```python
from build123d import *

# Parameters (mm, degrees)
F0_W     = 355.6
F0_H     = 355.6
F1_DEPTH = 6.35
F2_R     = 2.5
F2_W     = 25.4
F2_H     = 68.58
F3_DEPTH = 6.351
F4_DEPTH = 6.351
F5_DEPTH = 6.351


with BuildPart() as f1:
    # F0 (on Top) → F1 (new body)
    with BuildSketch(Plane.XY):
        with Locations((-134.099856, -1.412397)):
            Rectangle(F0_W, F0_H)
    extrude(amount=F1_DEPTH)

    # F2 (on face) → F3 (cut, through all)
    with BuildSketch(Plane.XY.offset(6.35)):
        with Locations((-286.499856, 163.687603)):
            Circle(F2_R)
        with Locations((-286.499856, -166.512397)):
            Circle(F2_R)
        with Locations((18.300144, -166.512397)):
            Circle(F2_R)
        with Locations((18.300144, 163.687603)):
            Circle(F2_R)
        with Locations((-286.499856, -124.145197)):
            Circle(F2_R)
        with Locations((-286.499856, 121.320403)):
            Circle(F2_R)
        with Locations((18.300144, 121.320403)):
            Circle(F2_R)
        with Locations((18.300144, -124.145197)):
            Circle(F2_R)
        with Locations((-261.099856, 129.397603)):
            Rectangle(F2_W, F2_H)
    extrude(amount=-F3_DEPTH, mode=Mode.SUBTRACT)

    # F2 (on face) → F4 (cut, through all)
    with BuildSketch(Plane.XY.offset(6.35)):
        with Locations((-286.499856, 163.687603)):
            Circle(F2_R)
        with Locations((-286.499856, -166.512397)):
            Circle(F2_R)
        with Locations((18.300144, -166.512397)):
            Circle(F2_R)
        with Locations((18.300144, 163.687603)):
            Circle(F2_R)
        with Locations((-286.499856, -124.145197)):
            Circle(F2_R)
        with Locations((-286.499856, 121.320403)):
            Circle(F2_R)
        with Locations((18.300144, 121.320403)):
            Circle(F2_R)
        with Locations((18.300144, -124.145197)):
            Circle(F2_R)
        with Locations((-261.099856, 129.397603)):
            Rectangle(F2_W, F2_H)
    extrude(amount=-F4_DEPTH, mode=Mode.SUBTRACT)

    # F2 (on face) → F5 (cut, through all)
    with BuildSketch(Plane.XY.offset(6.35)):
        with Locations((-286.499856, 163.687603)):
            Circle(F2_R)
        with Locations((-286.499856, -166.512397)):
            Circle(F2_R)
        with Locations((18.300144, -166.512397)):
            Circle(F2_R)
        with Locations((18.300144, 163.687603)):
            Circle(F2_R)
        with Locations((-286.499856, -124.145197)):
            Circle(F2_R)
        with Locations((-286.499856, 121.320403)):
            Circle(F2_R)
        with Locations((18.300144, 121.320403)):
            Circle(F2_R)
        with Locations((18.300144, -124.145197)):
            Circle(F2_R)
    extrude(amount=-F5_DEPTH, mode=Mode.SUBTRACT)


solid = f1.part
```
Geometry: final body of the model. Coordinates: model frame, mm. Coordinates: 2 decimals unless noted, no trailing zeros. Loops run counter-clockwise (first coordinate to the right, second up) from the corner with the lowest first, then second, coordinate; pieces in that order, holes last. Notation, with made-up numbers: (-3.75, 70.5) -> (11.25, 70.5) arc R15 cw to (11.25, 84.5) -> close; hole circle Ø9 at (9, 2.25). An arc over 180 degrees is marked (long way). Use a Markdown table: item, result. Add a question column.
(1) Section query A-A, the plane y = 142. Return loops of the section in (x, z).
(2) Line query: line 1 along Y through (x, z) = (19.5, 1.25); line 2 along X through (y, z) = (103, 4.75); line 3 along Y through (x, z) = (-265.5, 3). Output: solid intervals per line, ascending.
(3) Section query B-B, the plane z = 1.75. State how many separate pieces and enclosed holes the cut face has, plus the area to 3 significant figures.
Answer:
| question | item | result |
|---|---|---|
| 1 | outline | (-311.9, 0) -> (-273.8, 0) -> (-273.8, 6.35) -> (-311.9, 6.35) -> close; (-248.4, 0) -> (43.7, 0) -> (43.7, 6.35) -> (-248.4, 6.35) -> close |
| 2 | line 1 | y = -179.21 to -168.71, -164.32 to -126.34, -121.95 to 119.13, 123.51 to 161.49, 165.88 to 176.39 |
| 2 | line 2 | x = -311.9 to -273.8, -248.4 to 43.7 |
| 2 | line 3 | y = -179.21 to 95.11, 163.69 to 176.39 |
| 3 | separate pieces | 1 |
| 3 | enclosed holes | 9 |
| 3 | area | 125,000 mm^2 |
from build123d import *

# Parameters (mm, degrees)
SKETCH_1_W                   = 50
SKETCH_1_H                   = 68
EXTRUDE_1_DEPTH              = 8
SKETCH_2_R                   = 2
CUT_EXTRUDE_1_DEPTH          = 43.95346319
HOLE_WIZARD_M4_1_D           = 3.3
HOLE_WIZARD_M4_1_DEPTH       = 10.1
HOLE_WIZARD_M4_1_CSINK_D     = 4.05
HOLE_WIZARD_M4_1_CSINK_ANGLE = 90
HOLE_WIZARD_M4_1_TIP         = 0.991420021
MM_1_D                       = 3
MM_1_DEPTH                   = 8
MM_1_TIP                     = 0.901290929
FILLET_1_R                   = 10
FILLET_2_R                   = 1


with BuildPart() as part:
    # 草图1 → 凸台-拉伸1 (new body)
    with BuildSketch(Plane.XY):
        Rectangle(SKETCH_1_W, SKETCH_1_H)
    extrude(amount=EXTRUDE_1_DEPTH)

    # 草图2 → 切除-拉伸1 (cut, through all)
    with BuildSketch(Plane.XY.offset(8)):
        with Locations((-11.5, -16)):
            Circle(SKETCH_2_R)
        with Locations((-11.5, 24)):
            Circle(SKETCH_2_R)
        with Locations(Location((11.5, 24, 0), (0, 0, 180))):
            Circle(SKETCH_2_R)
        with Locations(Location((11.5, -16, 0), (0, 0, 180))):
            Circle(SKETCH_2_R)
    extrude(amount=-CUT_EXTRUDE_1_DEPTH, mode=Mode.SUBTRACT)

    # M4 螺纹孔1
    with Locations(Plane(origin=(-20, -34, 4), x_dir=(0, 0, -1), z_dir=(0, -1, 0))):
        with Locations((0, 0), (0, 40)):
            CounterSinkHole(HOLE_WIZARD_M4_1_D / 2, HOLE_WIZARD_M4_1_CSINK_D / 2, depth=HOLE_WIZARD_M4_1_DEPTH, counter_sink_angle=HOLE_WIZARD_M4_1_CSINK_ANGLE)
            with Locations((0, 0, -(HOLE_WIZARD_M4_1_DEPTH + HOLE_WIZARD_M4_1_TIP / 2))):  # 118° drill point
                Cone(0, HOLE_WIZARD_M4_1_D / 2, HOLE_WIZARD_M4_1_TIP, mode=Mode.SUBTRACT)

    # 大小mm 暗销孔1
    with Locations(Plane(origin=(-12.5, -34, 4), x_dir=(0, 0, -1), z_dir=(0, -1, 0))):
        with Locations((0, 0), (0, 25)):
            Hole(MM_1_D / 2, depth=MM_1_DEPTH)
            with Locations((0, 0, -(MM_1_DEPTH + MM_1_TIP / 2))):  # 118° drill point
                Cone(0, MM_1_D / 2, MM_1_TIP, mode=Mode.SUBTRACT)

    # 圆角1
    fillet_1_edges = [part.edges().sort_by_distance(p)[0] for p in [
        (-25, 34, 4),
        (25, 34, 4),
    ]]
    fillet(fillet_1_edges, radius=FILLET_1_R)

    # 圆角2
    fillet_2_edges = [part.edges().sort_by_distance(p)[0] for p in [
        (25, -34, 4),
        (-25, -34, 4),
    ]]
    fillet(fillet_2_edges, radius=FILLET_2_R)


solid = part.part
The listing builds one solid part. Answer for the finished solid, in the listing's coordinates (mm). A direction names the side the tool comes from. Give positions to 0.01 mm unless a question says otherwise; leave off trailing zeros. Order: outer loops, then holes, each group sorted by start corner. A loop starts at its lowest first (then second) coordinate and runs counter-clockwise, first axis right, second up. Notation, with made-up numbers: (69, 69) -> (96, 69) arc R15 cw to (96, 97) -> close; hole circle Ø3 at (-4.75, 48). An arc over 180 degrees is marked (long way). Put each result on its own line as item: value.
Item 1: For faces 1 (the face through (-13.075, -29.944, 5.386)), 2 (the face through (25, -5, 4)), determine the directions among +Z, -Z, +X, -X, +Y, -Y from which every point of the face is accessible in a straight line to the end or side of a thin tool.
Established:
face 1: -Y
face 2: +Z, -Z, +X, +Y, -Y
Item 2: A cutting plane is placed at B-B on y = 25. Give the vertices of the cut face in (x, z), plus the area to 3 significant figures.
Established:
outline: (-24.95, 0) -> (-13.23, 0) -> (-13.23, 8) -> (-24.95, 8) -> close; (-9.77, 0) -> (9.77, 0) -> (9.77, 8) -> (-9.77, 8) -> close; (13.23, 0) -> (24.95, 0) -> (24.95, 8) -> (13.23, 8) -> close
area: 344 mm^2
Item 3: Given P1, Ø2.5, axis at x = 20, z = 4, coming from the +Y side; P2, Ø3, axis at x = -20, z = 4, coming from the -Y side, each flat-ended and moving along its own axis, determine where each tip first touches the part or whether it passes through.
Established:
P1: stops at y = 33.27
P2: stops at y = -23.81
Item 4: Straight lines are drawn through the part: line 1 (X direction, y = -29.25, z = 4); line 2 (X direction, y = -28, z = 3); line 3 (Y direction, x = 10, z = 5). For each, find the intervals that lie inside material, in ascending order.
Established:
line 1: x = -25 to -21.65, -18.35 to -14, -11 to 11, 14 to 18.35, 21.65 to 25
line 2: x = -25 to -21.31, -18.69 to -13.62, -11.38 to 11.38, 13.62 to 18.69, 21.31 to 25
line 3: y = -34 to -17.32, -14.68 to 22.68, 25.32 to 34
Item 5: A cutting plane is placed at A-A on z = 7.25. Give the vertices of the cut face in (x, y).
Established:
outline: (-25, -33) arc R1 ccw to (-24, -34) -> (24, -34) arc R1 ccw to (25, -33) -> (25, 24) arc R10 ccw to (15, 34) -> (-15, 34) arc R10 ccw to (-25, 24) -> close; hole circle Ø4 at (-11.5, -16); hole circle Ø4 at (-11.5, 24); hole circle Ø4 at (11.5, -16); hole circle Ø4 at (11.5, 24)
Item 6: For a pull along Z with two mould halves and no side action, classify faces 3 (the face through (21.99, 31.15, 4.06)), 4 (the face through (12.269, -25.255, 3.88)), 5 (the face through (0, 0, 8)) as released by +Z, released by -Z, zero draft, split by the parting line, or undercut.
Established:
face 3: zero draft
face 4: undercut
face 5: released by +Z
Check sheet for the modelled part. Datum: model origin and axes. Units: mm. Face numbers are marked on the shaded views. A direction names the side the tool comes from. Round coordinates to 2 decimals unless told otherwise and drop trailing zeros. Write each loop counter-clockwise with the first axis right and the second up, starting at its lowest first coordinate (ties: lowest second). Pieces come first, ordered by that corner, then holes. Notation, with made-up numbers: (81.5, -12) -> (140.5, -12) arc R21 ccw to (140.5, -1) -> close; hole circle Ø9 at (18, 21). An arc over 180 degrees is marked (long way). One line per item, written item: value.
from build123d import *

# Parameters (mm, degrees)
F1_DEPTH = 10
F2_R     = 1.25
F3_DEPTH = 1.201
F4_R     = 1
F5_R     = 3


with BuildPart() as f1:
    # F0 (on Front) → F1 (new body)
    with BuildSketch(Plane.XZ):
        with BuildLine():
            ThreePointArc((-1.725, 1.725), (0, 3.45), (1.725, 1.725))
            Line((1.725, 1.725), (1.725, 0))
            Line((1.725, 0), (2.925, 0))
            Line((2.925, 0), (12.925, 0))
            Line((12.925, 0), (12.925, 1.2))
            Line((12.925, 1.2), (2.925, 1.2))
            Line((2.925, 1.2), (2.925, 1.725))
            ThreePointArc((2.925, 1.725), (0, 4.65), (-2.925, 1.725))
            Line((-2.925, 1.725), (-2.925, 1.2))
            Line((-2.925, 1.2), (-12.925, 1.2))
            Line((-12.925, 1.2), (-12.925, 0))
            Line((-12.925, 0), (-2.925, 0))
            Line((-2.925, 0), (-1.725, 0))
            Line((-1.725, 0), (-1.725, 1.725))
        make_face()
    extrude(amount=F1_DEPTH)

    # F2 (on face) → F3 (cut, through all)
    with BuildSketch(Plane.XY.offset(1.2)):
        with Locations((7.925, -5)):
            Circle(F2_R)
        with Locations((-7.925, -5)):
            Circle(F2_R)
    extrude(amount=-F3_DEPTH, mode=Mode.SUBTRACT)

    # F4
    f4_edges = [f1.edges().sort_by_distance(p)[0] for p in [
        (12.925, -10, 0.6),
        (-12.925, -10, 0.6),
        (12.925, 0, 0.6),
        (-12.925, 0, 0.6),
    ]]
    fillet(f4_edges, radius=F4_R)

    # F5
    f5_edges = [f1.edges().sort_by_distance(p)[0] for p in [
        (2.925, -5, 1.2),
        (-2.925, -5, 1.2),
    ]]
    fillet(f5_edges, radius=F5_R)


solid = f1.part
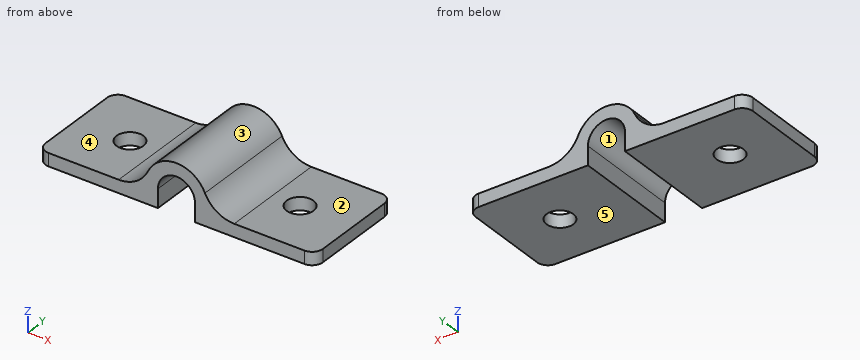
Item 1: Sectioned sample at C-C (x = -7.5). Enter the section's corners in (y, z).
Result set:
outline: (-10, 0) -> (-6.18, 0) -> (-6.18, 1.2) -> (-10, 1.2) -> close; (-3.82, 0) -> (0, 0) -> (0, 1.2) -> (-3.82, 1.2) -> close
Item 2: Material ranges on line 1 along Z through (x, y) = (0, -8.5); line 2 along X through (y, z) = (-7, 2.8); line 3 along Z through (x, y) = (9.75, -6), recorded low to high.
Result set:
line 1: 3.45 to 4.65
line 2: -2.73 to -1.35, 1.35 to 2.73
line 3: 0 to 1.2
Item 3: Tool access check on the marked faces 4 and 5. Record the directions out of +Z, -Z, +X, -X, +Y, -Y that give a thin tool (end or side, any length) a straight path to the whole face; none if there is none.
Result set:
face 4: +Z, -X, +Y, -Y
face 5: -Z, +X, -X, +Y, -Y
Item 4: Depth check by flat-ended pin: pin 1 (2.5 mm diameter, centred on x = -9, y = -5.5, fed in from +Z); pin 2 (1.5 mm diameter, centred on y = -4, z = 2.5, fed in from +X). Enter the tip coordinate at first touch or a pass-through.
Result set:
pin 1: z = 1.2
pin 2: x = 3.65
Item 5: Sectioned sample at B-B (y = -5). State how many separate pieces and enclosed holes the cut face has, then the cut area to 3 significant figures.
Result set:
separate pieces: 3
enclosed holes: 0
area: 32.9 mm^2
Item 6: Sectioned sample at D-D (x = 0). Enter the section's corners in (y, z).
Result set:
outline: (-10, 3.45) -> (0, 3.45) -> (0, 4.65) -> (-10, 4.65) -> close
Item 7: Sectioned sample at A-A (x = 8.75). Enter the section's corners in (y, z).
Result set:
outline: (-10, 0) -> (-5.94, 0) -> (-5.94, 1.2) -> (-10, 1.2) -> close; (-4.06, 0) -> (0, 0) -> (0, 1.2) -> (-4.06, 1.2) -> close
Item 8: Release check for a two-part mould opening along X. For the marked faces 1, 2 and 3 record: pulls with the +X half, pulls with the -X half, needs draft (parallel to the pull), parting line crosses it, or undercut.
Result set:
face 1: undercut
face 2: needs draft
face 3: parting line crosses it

—————

▶ DIRECTIONS
Only the lines above from the one with "Line((1.725, 0), (2.925, 0))" through the one with "Line((-12.925, 1.2), (-12.925, 0))" should be duplicated, character for character.

▶ EXERCISE SOLUTION
            Line((1.725, 0), (2.925, 0))
            Line((2.925, 0), (12.925, 0))
            Line((12.925, 0), (12.925, 1.2))
            Line((12.925, 1.2), (2.925, 1.2))
            Line((2.925, 1.2), (2.925, 1.725))
            ThreePointArc((2.925, 1.725), (0, 4.65), (-2.925, 1.725))
            Line((-2.925, 1.725), (-2.925, 1.2))
            Line((-2.925, 1.2), (-12.925, 1.2))
            Line((-12.925, 1.2), (-12.925, 0))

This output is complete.